May Sarton
May Sarton is the pen name of Eleanore Marie Sarton (May 3, 1912 – July 16, 1995), a Belgian-American poet, novelist and memoirist. Although her best work is strongly personalised with erotic female imagery, she resisted the label of ‘lesbian writer’, preferring to convey the universality of human love.
Biography
Sarton was born in Wondelgem, Belgium (today a part of the city of Ghent), the only child of historian of science George Sarton and his wife, English artist Mabel Eleanor Elwes. When German troops invaded Belgium after the assassination of Archduke Franz Ferdinand in 1914, her family fled to Ipswich, England, where Sarton's maternal grandmother lived.
One year later, they moved to Boston, Massachusetts, where her father started working at Harvard University. Sarton started theatre lessons in her late teens but continued writing poetry throughout her adolescence. She went to school in Cambridge, Massachusetts, graduating from Cambridge High and Latin School in 1929.

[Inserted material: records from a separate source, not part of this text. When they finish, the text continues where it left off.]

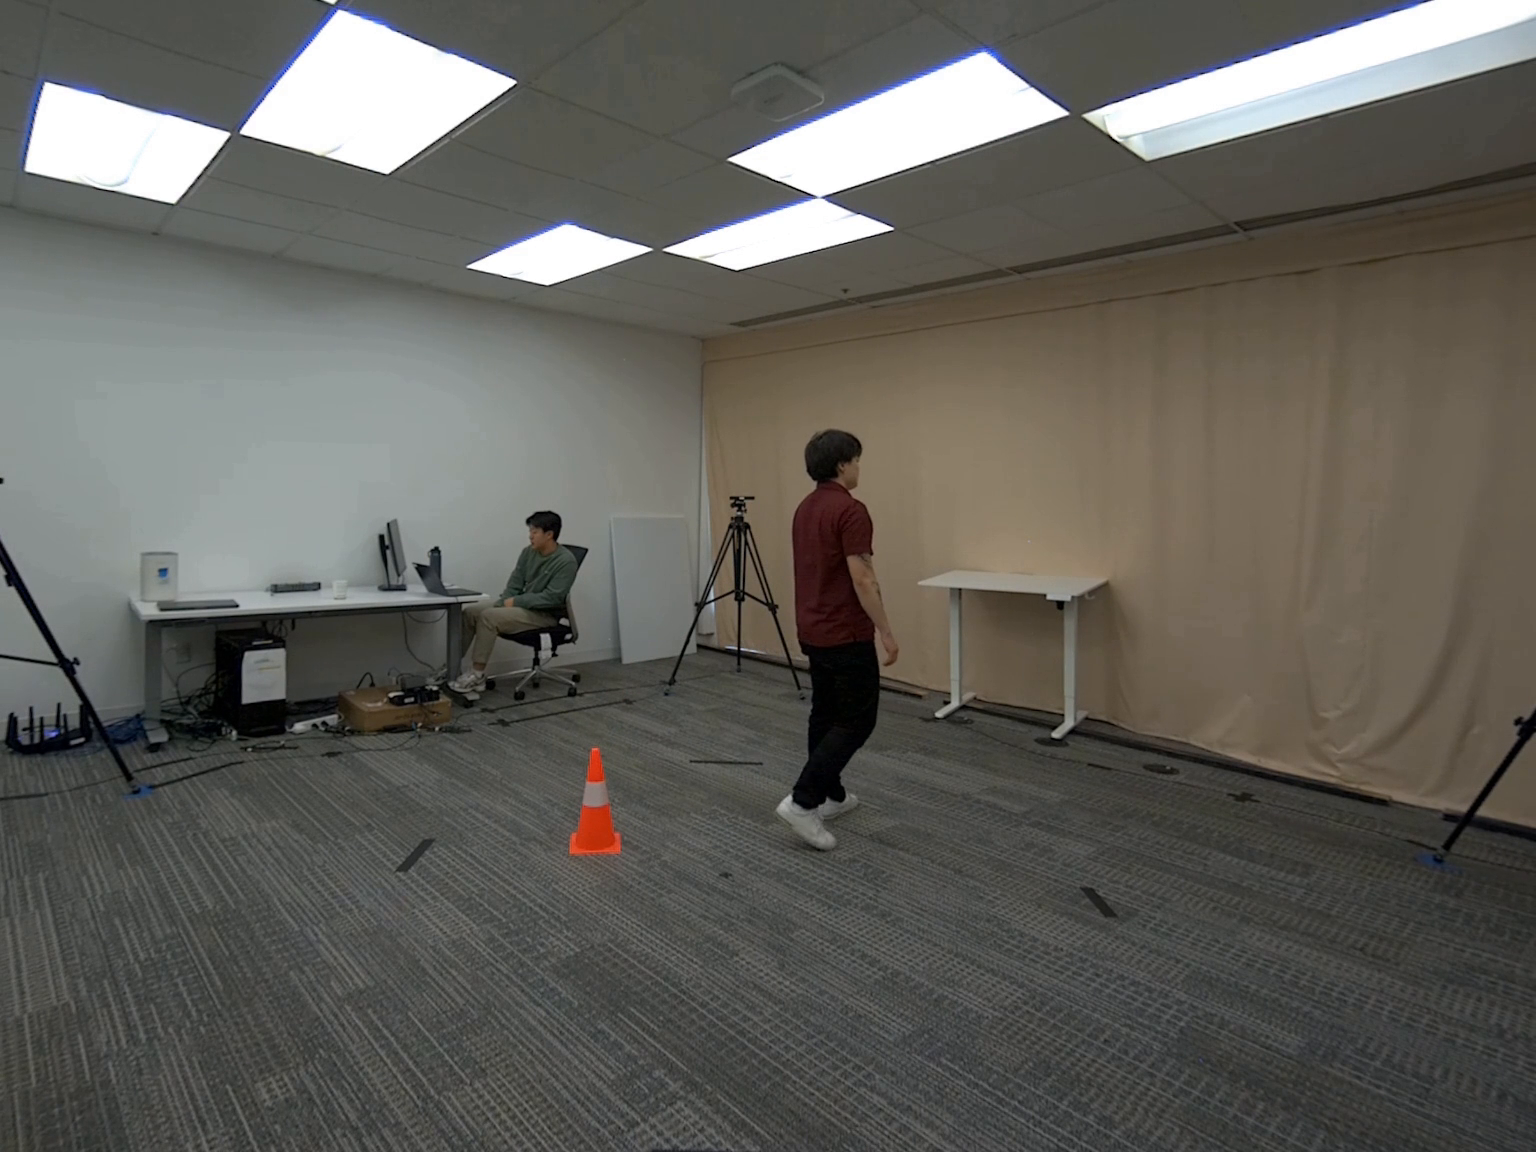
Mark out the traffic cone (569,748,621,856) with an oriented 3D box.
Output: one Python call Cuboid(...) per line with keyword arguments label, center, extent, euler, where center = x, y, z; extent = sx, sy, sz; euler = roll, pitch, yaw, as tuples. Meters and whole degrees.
Cuboid(label="traffic cone", center=(-0.692, 0.883, 3.349), extent=(0.203, 0.382, 0.206), euler=(2, 4, -11))
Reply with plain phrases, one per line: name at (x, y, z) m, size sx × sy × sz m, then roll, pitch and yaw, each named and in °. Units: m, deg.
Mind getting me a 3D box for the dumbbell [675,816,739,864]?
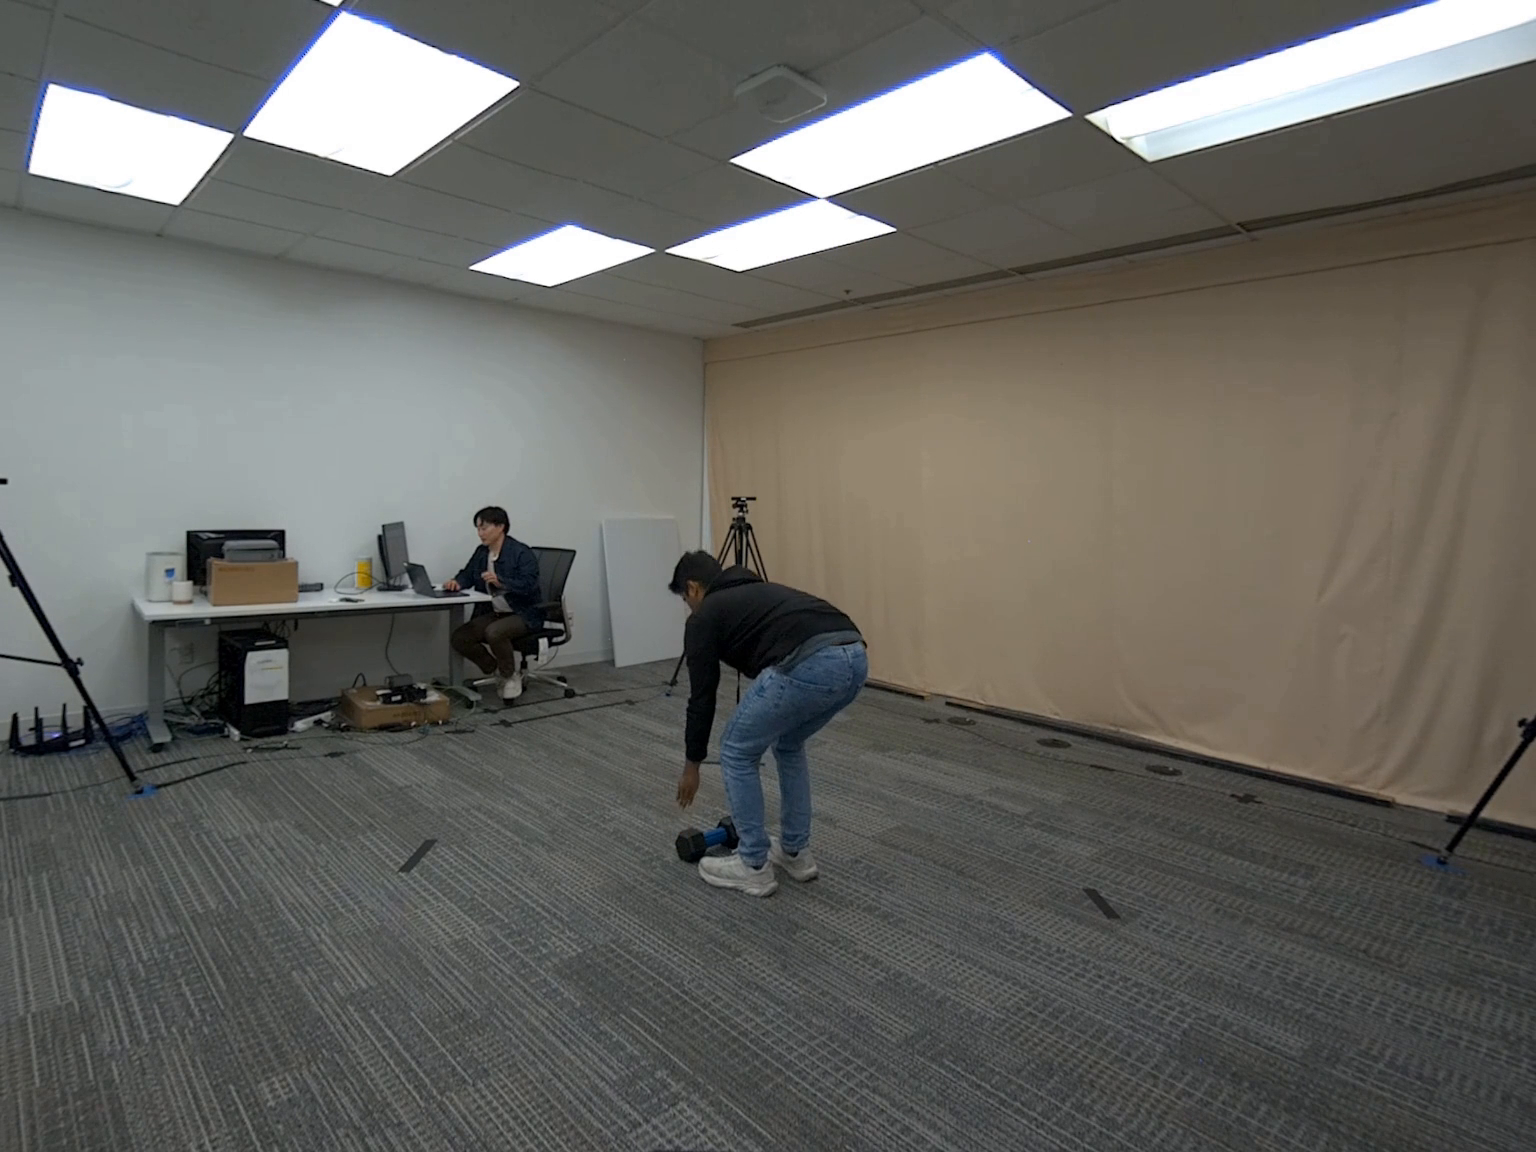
dumbbell at (-0.226, 1.030, 3.306) m, size 0.287 × 0.122 × 0.112 m, roll -4°, pitch 37°, yaw -45°
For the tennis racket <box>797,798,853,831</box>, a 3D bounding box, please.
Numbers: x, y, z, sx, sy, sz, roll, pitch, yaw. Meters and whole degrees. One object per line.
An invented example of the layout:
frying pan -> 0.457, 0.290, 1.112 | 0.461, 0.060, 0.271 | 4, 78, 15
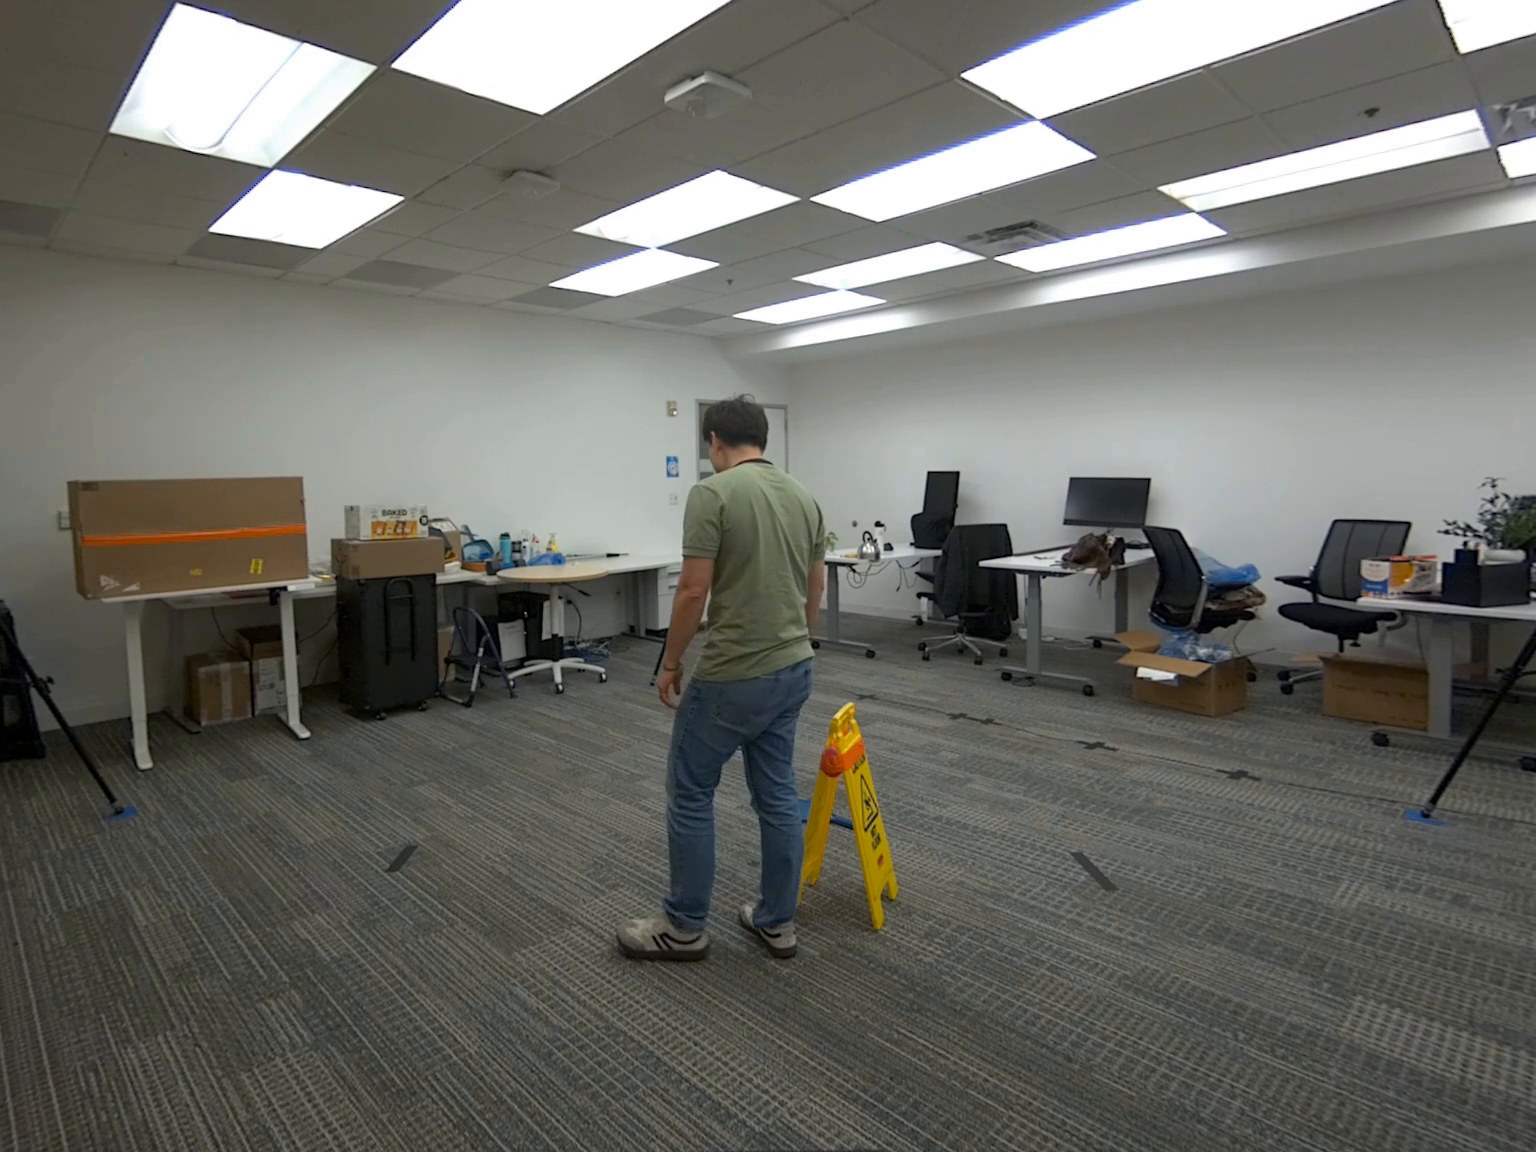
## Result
tennis racket -> 0.206, 0.981, 3.516 | 0.446, 0.031, 0.208 | 4, 7, 43

Sarton won a scholarship to Vassar but felt drawn to the theater after seeing Eva Le Gallienne perform in The Cradle Song. She joined Le Gallienne's Civic Repertory Theatre in New York and spent a year working as an apprentice. However, Sarton continued to write poetry. When she was seventeen, she published a series of sonnets in December 1930, some of which were featured in her first published volume, Encounter in April (1937).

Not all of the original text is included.